(Extracted data entries)

---

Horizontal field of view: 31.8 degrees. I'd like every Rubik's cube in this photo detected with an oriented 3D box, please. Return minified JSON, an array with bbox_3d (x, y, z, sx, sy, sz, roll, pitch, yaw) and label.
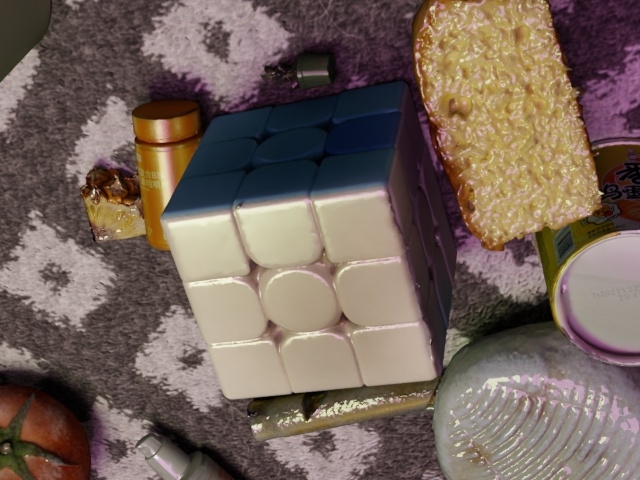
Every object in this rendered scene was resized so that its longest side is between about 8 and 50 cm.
[{"bbox_3d":[0.000,0.000,1.460,0.291,0.290,0.291,-9,120,16],"label":"Rubik's cube"}]

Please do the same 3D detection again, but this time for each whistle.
[{"bbox_3d":[0.042,0.258,1.751,0.326,0.057,0.068,-11,122,16],"label":"whistle"}]

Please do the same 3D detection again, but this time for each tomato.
[{"bbox_3d":[-0.502,0.371,1.808,0.264,0.265,0.265,5,122,8],"label":"tomato"}]

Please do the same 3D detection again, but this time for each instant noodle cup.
[{"bbox_3d":[0.401,0.023,1.454,0.264,0.200,0.264,4,121,7],"label":"instant noodle cup"}]

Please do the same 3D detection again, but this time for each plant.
[{"bbox_3d":[-0.033,-0.220,1.471,0.102,0.051,0.051,-2,121,18],"label":"plant"}]

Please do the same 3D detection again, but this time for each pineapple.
[{"bbox_3d":[-0.291,-0.039,1.620,0.137,0.069,0.116,34,121,-13],"label":"pineapple"}]

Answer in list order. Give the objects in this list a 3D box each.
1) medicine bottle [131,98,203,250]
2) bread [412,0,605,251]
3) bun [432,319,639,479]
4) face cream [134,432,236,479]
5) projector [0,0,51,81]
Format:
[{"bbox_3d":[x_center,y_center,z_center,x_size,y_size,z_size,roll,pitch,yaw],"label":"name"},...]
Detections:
[{"bbox_3d":[-0.202,-0.089,1.542,0.096,0.096,0.192,1,115,10],"label":"medicine bottle"},{"bbox_3d":[0.224,-0.176,1.377,0.194,0.179,0.340,-14,116,16],"label":"bread"},{"bbox_3d":[0.328,0.256,1.609,0.354,0.194,0.355,6,115,14],"label":"bun"},{"bbox_3d":[-0.206,0.406,1.863,0.101,0.101,0.252,-35,109,27],"label":"face cream"},{"bbox_3d":[-0.487,-0.317,1.376,0.248,0.249,0.249,13,123,1],"label":"projector"}]
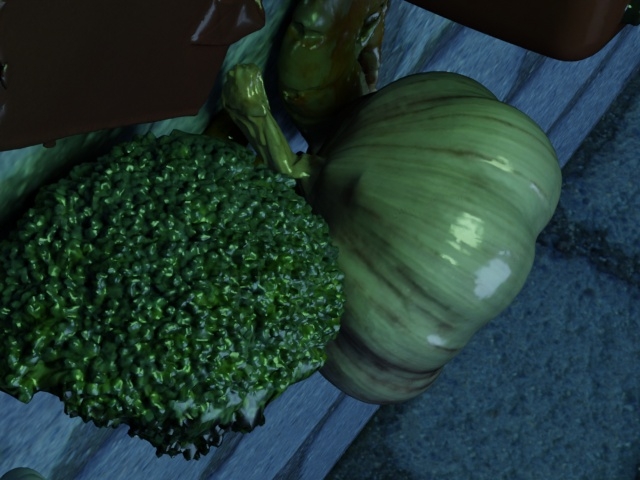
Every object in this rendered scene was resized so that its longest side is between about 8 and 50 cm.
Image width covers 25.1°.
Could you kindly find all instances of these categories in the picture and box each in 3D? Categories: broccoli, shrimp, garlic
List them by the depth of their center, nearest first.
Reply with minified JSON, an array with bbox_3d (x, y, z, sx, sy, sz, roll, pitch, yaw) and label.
[{"bbox_3d":[-0.097,0.036,0.874,0.226,0.198,0.176,-36,171,-4],"label":"broccoli"},{"bbox_3d":[0.026,-0.035,1.030,0.245,0.253,0.245,-45,-157,25],"label":"garlic"},{"bbox_3d":[0.020,-0.137,1.169,0.154,0.062,0.294,-57,167,-19],"label":"shrimp"}]

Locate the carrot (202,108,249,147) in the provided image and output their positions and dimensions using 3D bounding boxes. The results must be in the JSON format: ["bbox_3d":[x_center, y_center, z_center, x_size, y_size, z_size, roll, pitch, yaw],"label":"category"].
[{"bbox_3d":[-0.101,-0.032,1.040,0.171,0.042,0.042,-55,168,-16],"label":"carrot"}]

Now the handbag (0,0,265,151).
[{"bbox_3d":[-0.076,-0.175,0.678,0.260,0.084,0.275,-61,167,15],"label":"handbag"}]

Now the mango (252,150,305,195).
[{"bbox_3d":[-0.071,0.005,1.159,0.190,0.075,0.098,-54,152,7],"label":"mango"}]

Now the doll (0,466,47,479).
[{"bbox_3d":[-0.260,0.255,0.970,0.161,0.130,0.290,-46,-174,22],"label":"doll"}]

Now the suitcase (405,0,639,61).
[{"bbox_3d":[0.152,-0.261,0.946,0.297,0.236,0.161,-44,152,-42],"label":"suitcase"}]
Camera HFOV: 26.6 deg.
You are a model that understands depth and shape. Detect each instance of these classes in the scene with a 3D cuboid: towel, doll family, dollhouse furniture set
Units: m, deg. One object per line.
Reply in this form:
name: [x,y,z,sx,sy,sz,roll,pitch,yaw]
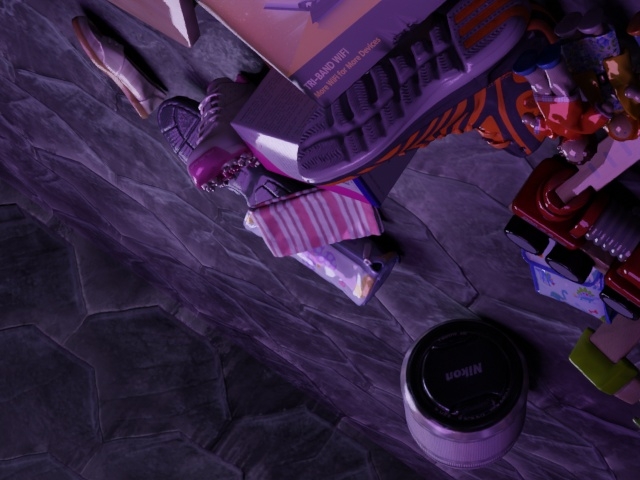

---

### [Required work]
Retype all entries above verbatim; no pictures belong in the copy.

### [Output of the task]
Horizontal field of view: 31.8 degrees. I'd like every Rubik's cube in this photo detected with an oriented 3D box, please. Return minified JSON, an array with bbox_3d (x, y, z, sx, sy, sz, roll, pitch, yaw) and label.
Every object in this rendered scene was resized so that its longest side is between about 8 and 50 cm.
[{"bbox_3d":[0.000,0.000,1.460,0.291,0.290,0.291,-9,120,16],"label":"Rubik's cube"}]

Please do the same 3D detection again, but this time for each whistle.
[{"bbox_3d":[0.042,0.258,1.751,0.326,0.057,0.068,-11,122,16],"label":"whistle"}]

Please do the same 3D detection again, but this time for each tomato.
[{"bbox_3d":[-0.502,0.371,1.808,0.264,0.265,0.265,5,122,8],"label":"tomato"}]

Please do the same 3D detection again, but this time for each instant noodle cup.
[{"bbox_3d":[0.401,0.023,1.454,0.264,0.200,0.264,4,121,7],"label":"instant noodle cup"}]

Please do the same 3D detection again, but this time for each plant.
[{"bbox_3d":[-0.033,-0.220,1.471,0.102,0.051,0.051,-2,121,18],"label":"plant"}]

Please do the same 3D detection again, but this time for each pineapple.
[{"bbox_3d":[-0.291,-0.039,1.620,0.137,0.069,0.116,34,121,-13],"label":"pineapple"}]

Answer in list order. Give the objects in this list a 3D box each.
1) medicine bottle [131,98,203,250]
2) bread [412,0,605,251]
3) bun [432,319,639,479]
4) face cream [134,432,236,479]
5) projector [0,0,51,81]
Format:
[{"bbox_3d":[x_center,y_center,z_center,x_size,y_size,z_size,roll,pitch,yaw],"label":"name"},...]
Detections:
[{"bbox_3d":[-0.202,-0.089,1.542,0.096,0.096,0.192,1,115,10],"label":"medicine bottle"},{"bbox_3d":[0.224,-0.176,1.377,0.194,0.179,0.340,-14,116,16],"label":"bread"},{"bbox_3d":[0.328,0.256,1.609,0.354,0.194,0.355,6,115,14],"label":"bun"},{"bbox_3d":[-0.206,0.406,1.863,0.101,0.101,0.252,-35,109,27],"label":"face cream"},{"bbox_3d":[-0.487,-0.317,1.376,0.248,0.249,0.249,13,123,1],"label":"projector"}]
Every object in this rendered scene was resized so that its longest side is between about 8 and 50 cm.
Image width covers 25.1°.
Could you kindly find all instances of these categories in the picture and box each in 3D? Categories: broccoli, shrimp, garlic
List them by the depth of their center, nearest first.
Reply with minified JSON, an array with bbox_3d (x, y, z, sx, sy, sz, roll, pitch, yaw) and label.
[{"bbox_3d":[-0.097,0.036,0.874,0.226,0.198,0.176,-36,171,-4],"label":"broccoli"},{"bbox_3d":[0.026,-0.035,1.030,0.245,0.253,0.245,-45,-157,25],"label":"garlic"},{"bbox_3d":[0.020,-0.137,1.169,0.154,0.062,0.294,-57,167,-19],"label":"shrimp"}]

Locate the carrot (202,108,249,147) in the provided image and output their positions and dimensions using 3D bounding boxes. The results must be in the JSON format: ["bbox_3d":[x_center, y_center, z_center, x_size, y_size, z_size, roll, pitch, yaw],"label":"category"].
[{"bbox_3d":[-0.101,-0.032,1.040,0.171,0.042,0.042,-55,168,-16],"label":"carrot"}]

Now the handbag (0,0,265,151).
[{"bbox_3d":[-0.076,-0.175,0.678,0.260,0.084,0.275,-61,167,15],"label":"handbag"}]

Now the mango (252,150,305,195).
[{"bbox_3d":[-0.071,0.005,1.159,0.190,0.075,0.098,-54,152,7],"label":"mango"}]

Now the doll (0,466,47,479).
[{"bbox_3d":[-0.260,0.255,0.970,0.161,0.130,0.290,-46,-174,22],"label":"doll"}]

Now the suitcase (405,0,639,61).
[{"bbox_3d":[0.152,-0.261,0.946,0.297,0.236,0.161,-44,152,-42],"label":"suitcase"}]
Camera HFOV: 26.6 deg.
You are a model that understands depth and shape. Detect each instance of these classes in the scene with a 3D cuboid: towel, doll family, dollhouse furniture set
Units: m, deg. One object per line.
Reply in this form:
name: [x,y,z,sx,sy,sz,roll,pitch,yaw]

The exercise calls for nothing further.